The genus Lyriothemis is made up of 15 species and is widespread across Asia. Three species in the genus are known from India; L. cleis, L. tricolor and L. acigastra. All three were thought to be restricted to the northeastern states of Assam and West Bengal, but, in 2013, L. acigastra and L. tricolor were recorded in the southern state of Kerala.

==Description==
It is a small dragonfly with brown-capped greenish-yellow eyes. Its thorax is blackish brown, marked with yellow. There is a broad oval antehumeral (situated in front of the fore legs) stripe and a short transverse stripe bordering it just below. Laterally there are three stripes. The wings are transparent and palely tinted with yellow at the extreme base. The abdomen in the male is blood-red, tapered from base to end, and marked with black. Segment 1 is black, with its apical border narrowly red. Segment 2 has its base broadly black and apical borderless so.
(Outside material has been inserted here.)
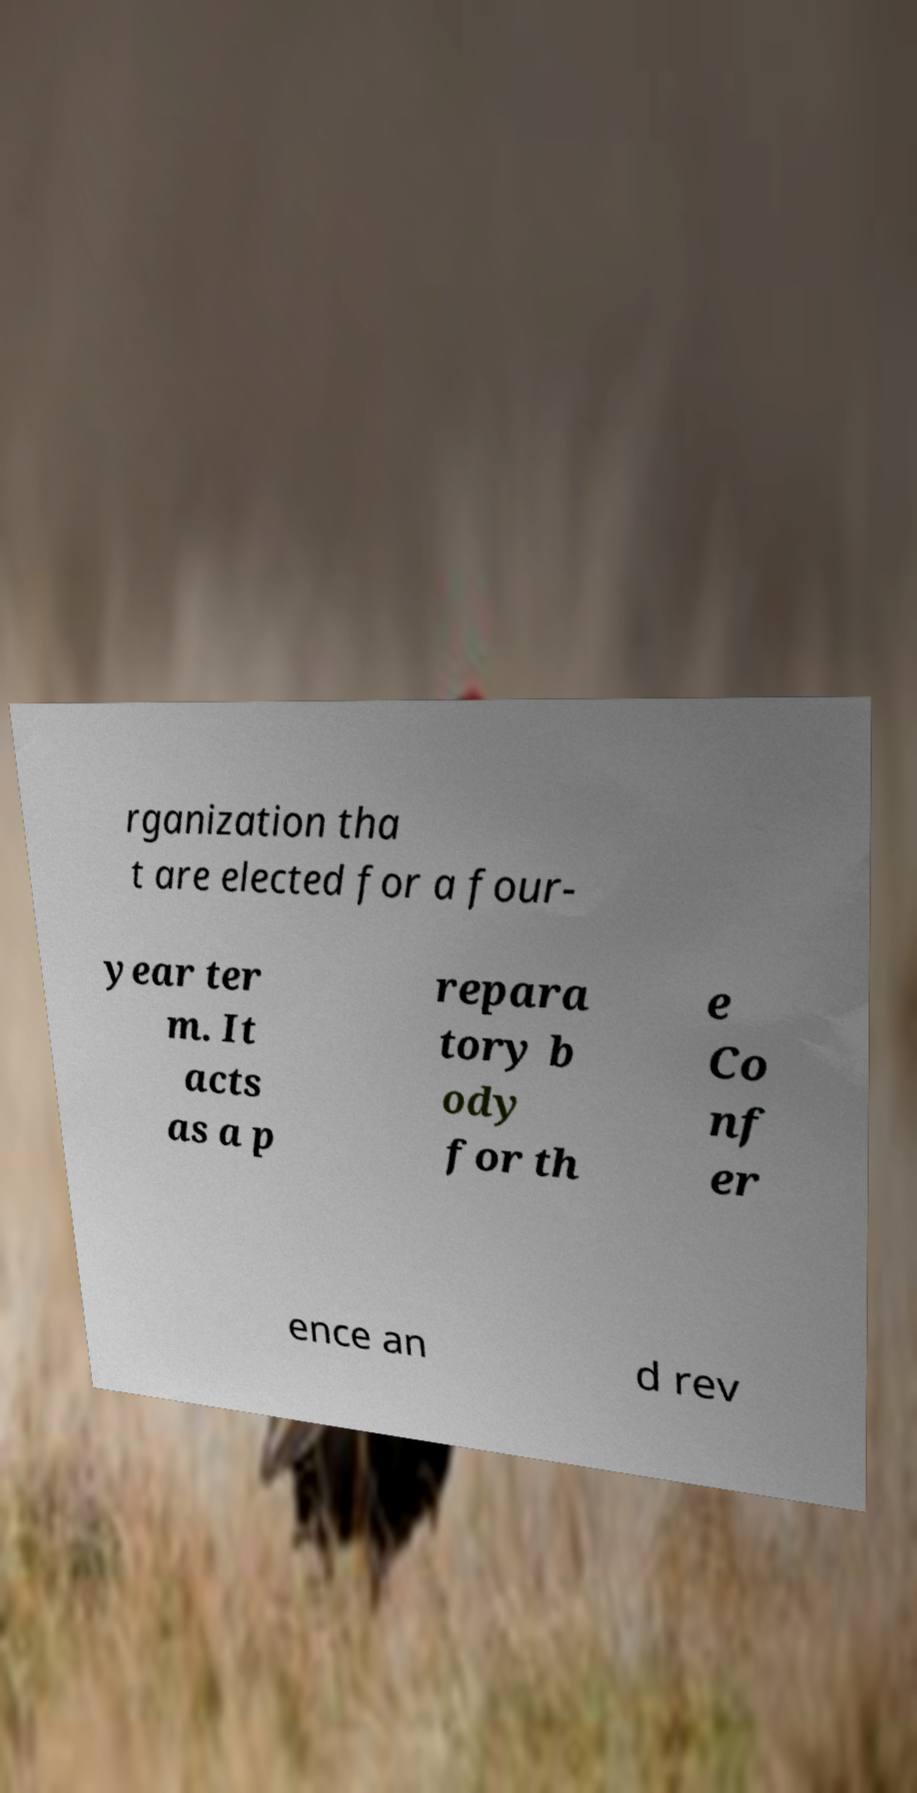What messages or text are displayed in this image? I need them in a readable, typed format. rganization tha t are elected for a four- year ter m. It acts as a p repara tory b ody for th e Co nf er ence an d rev 
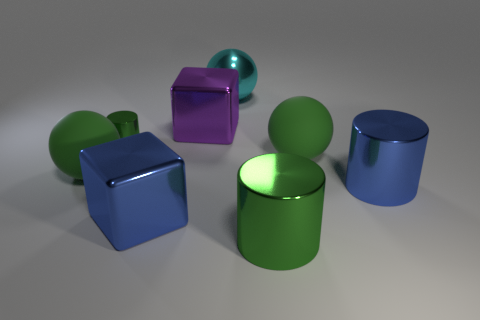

Segments 3 to 8 have the borders narrowly black and the mid-dorsal carina broadly so. This mid-dorsal black stripe dilates at the apical ends of 3 to 6. Segment 9 has only a narrow short red stripe on each side. Segment 10 is entirely black. The anal appendages are black.

The female is similar to the male, except that the abdomen is cylindrical rather than tapered from base to end and is a reddish-yellow color instead of blood red.

==Habitat==
Little is known about the species' ecology or habitat, which could be because of its rarity and secretive nature. The specimens reported in 2013 were found in bushes around freshwater marshland and streams. Individuals were generally at their most active in the evening and morning; males rested at around 8 to 10 m from the ground, and preyed upon skippers and small moths.

The species closely resembles the Sri Lankan species L. defonsekai, described in 2009.